2. Qual a diferença entre o texto oral e escrito? Qual se usa mais? Onde? Quando? 3. Para quem vocês escrevem?

4. Em quais situações vocês escrevem?

5. Existe diferença para vocês entre produzir um texto na escola e produzir um texto em outro momento, que não seja na escola? Comentem.

6. Descrevam quais os textos que você produz na escola, ou apenas comentem sobre eles.

7. E sobre os tipos de textos produzidos fora da escola? Falem sobre isso.

Foram dois os objetivos previstos para essas aulas. O primeiro, levar os alunos a perceber que:

a) no seu dia-a-dia, há inúmeros gêneros do discurso que circulam nas mais diversas esferas sociais (jornalística, do comércio, escolar, trabalho, cotidiano, etc.);

b) os gêneros podem ser produzidos na modalidade oral ou escrita;

c) eles produzirão os gêneros nas diversas situações de interação e de acordo com as esferas em que estiverem inseridos;

d) há diferença entre escrever um texto de acordo com a esfera;

e) a esfera escolar é o lugar em que mais se produz (ou se deveria produzir) textos nessa idade em que eles estão, principalmente e, infelizmente, os gêneros escolarizados.

f) através das discussões sobre as respostas dadas, eles podiam descobrir as diversas práticas textuais, os diversos modos de dizer na sociedade.

O segundo objetivo foi explicitar e analisar as concepções de “texto” dos alunos.
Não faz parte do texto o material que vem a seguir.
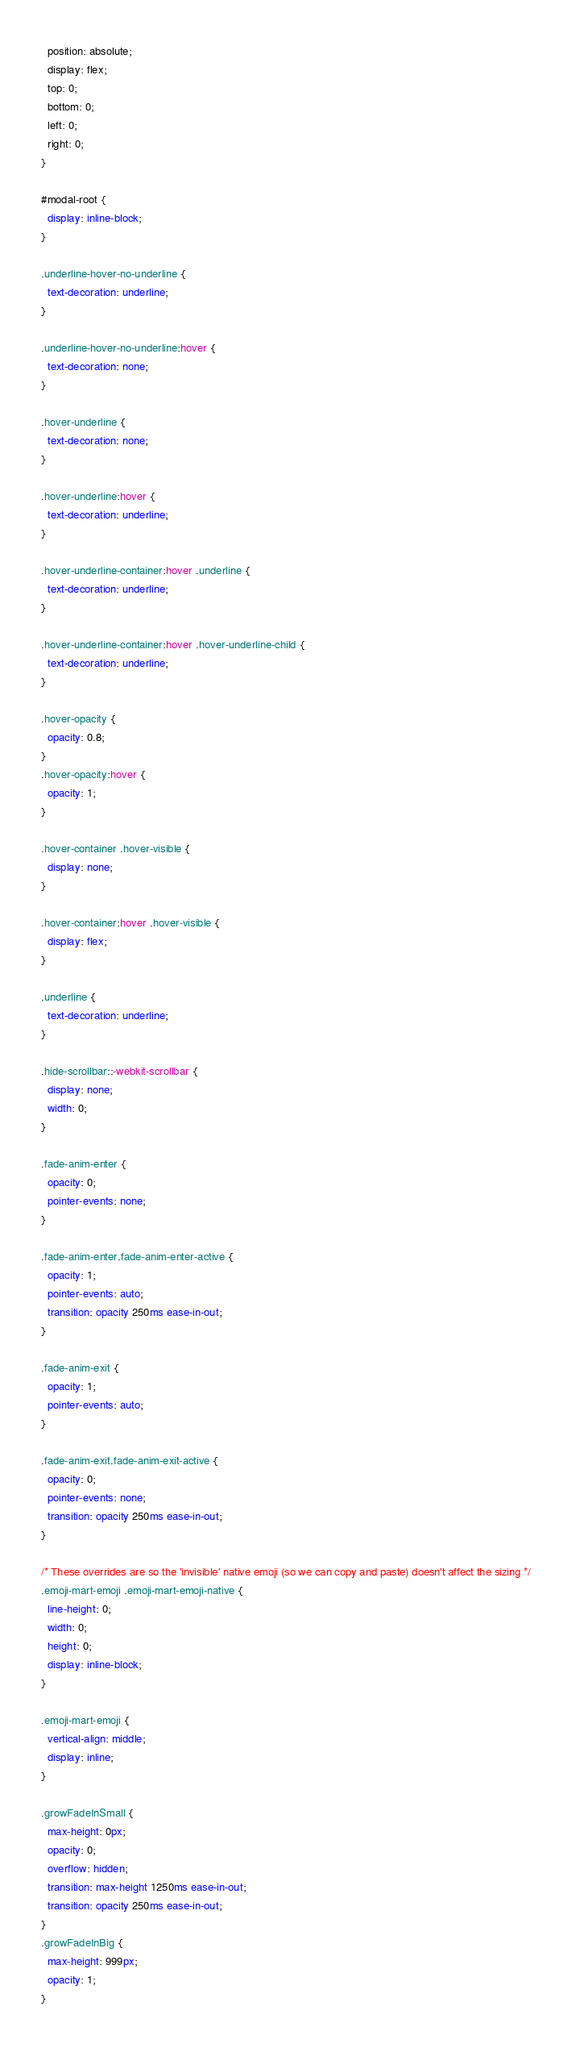Convert code to text. <code><loc_0><loc_0><loc_500><loc_500><_CSS_>  position: absolute;
  display: flex;
  top: 0;
  bottom: 0;
  left: 0;
  right: 0;
}

#modal-root {
  display: inline-block;
}

.underline-hover-no-underline {
  text-decoration: underline;
}

.underline-hover-no-underline:hover {
  text-decoration: none;
}

.hover-underline {
  text-decoration: none;
}

.hover-underline:hover {
  text-decoration: underline;
}

.hover-underline-container:hover .underline {
  text-decoration: underline;
}

.hover-underline-container:hover .hover-underline-child {
  text-decoration: underline;
}

.hover-opacity {
  opacity: 0.8;
}
.hover-opacity:hover {
  opacity: 1;
}

.hover-container .hover-visible {
  display: none;
}

.hover-container:hover .hover-visible {
  display: flex;
}

.underline {
  text-decoration: underline;
}

.hide-scrollbar::-webkit-scrollbar {
  display: none;
  width: 0;
}

.fade-anim-enter {
  opacity: 0;
  pointer-events: none;
}

.fade-anim-enter.fade-anim-enter-active {
  opacity: 1;
  pointer-events: auto;
  transition: opacity 250ms ease-in-out;
}

.fade-anim-exit {
  opacity: 1;
  pointer-events: auto;
}

.fade-anim-exit.fade-anim-exit-active {
  opacity: 0;
  pointer-events: none;
  transition: opacity 250ms ease-in-out;
}

/* These overrides are so the 'invisible' native emoji (so we can copy and paste) doesn't affect the sizing */
.emoji-mart-emoji .emoji-mart-emoji-native {
  line-height: 0;
  width: 0;
  height: 0;
  display: inline-block;
}

.emoji-mart-emoji {
  vertical-align: middle;
  display: inline;
}

.growFadeInSmall {
  max-height: 0px;
  opacity: 0;
  overflow: hidden;
  transition: max-height 1250ms ease-in-out;
  transition: opacity 250ms ease-in-out;
}
.growFadeInBig {
  max-height: 999px;
  opacity: 1;
}
</code>

As respostas de todos os grupos foram reunidas, a fim de melhor se proceder às comparações. As respostas a todas as questões não surpreenderam por seu teor, uma vez que já esperávamos que os alunos fossem reproduzir, de certa forma, o ensino escolar. A tradição do ensino da gramática e o trabalho com a produção de texto como pretexto para os aspectos gramaticais, como já expusemos no capítulo I, talvez possam justificar as respostas dadas pelos alunos. Contudo, houve casos em que algumas respostas contradisseram o discurso e a prática escolar. E é sobre esses casos, principalmente, que nesta seção se chamará a atenção. À medida que iam ocorrendo as apresentações/discussões das respostas, íamos trabalhando as idéias centrais previstas para cada objetivo proposto para a atividade desenvolvida com o questionário.